Rand and International FX Commentary

  • Yesterday was a rangebound day, with the USD-ZAR offering very little in the way of directional bias. As SA still waits for scientists to confirm whether Omicron is something restricting the economy, investors are not yet trading fully on the anecdotal evidence suggesting that although highly transmissible, Omicron is a milder form of Covid. If the scientists concur, this will be something to cheer and, on aggregate, would build the case for travel bans to be lifted against SA and remove any reason to disrupt holiday tourism.
  • Globally, it might also hold implications for safe-haven destinations that may no longer attract portfolio flows in the way they have recently. The USD could come in for a healthy correction and allow the ZAR to recover from the current oversold positions. A weaker USD would also boost commodity prices, which have supported the ZAR and the SA economy so well through the past year.
  • On the topic of the economy, today will see the latest GDP stats for Q3 released. The data will likely show that the economy expanded by between 3.5-4.0% y/y. This is a poor performance, negatively affected by the riots mid-year, the resumption of load shedding, high oil prices and ongoing restrictions due to the pandemic. In q/q terms, the economy likely contracted by roughly 1.2% to offer context as to the persistent rise in the unemployment rate.

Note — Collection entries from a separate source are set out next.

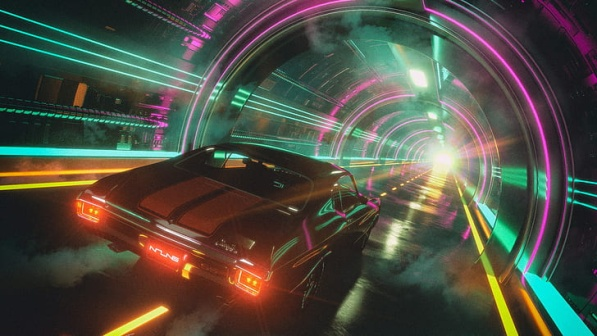What could be waiting at the end of the tunnel? The bright light at the end of the tunnel could symbolize many things. It could represent the car reaching its destination, which could be a futuristic city or a gateway to another realm. Given the advanced and neon-lit aesthetics of the tunnel, it's possible that a highly technological and vibrant urban environment might be awaiting the car. Alternatively, the light could symbolize hope, progress, or the beginning of a new journey, suggesting that whatever lies beyond the tunnel is crucial to the narrative or concept of the image. Imagine if this scene were part of a sci-fi movie. How would the story unfold? In a sci-fi movie, this scene could be pivotal. The story might revolve around the car’s journey to a high-tech city, hidden from the rest of the world. The car could be driven by the protagonist, who is on a mission to deliver crucial information or a groundbreaking invention. The tunnel could serve as both a physical and metaphorical passage, transitioning from an old way of life to a technologically advanced future. Along the way, the protagonist could encounter various challenges, such as technological barriers or adversaries intent on stopping them. The bright light at the end of the tunnel symbolizes hope and progress, indicating that the protagonist is nearing their goal, where they will face the final challenge or revelation. 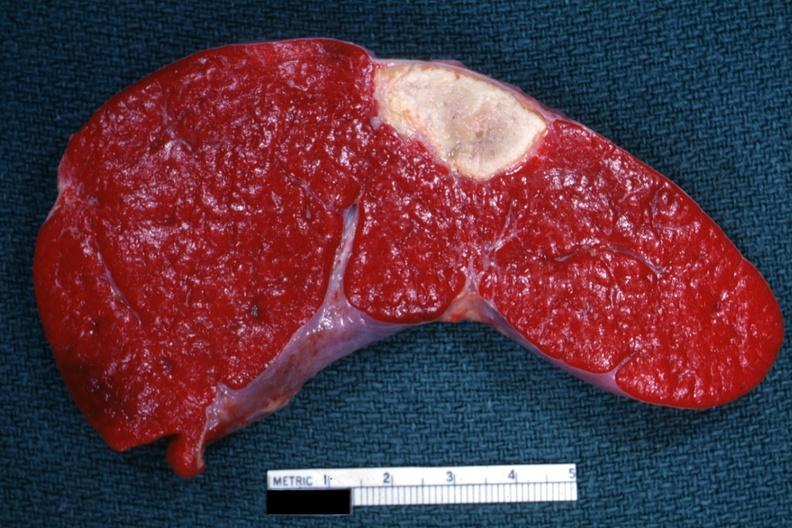does this image show excellent example of old spleen infarct?
Answer the question using a single word or phrase. Yes 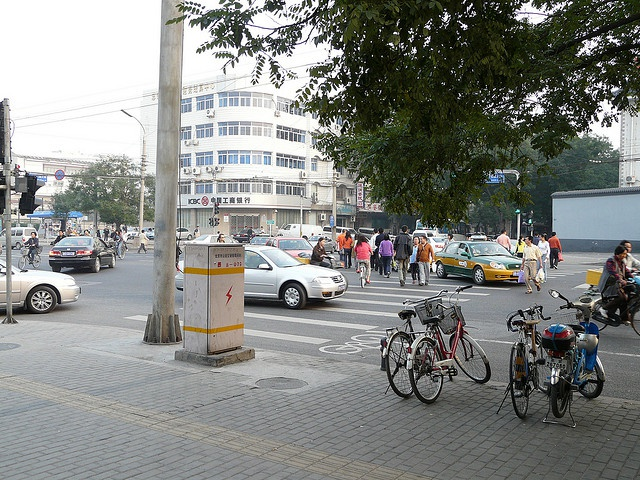Describe the objects in this image and their specific colors. I can see bicycle in white, black, gray, darkgray, and maroon tones, car in white, darkgray, black, and gray tones, motorcycle in white, black, gray, navy, and darkgray tones, bicycle in white, black, gray, darkgray, and maroon tones, and car in white, lightgray, black, darkgray, and olive tones in this image.

  • Although the data is unlikely to boost sentiment towards SA much, investors are reminded of two things. Firstly, the data is very historical. SA is mid-way through the final month of Q4, so the data is well and truly dealt with. Secondly, that weakness in GDP tends to support rather than detract from the ZAR’s performance. A weak economy tends to be associated with lower levels of consumption and investment. Both detract from the strength of the imported component of the trade balance, which again offers insight into why SA’s trade and current accounts have remained in such strong surplus positions through Q3 and into Q4.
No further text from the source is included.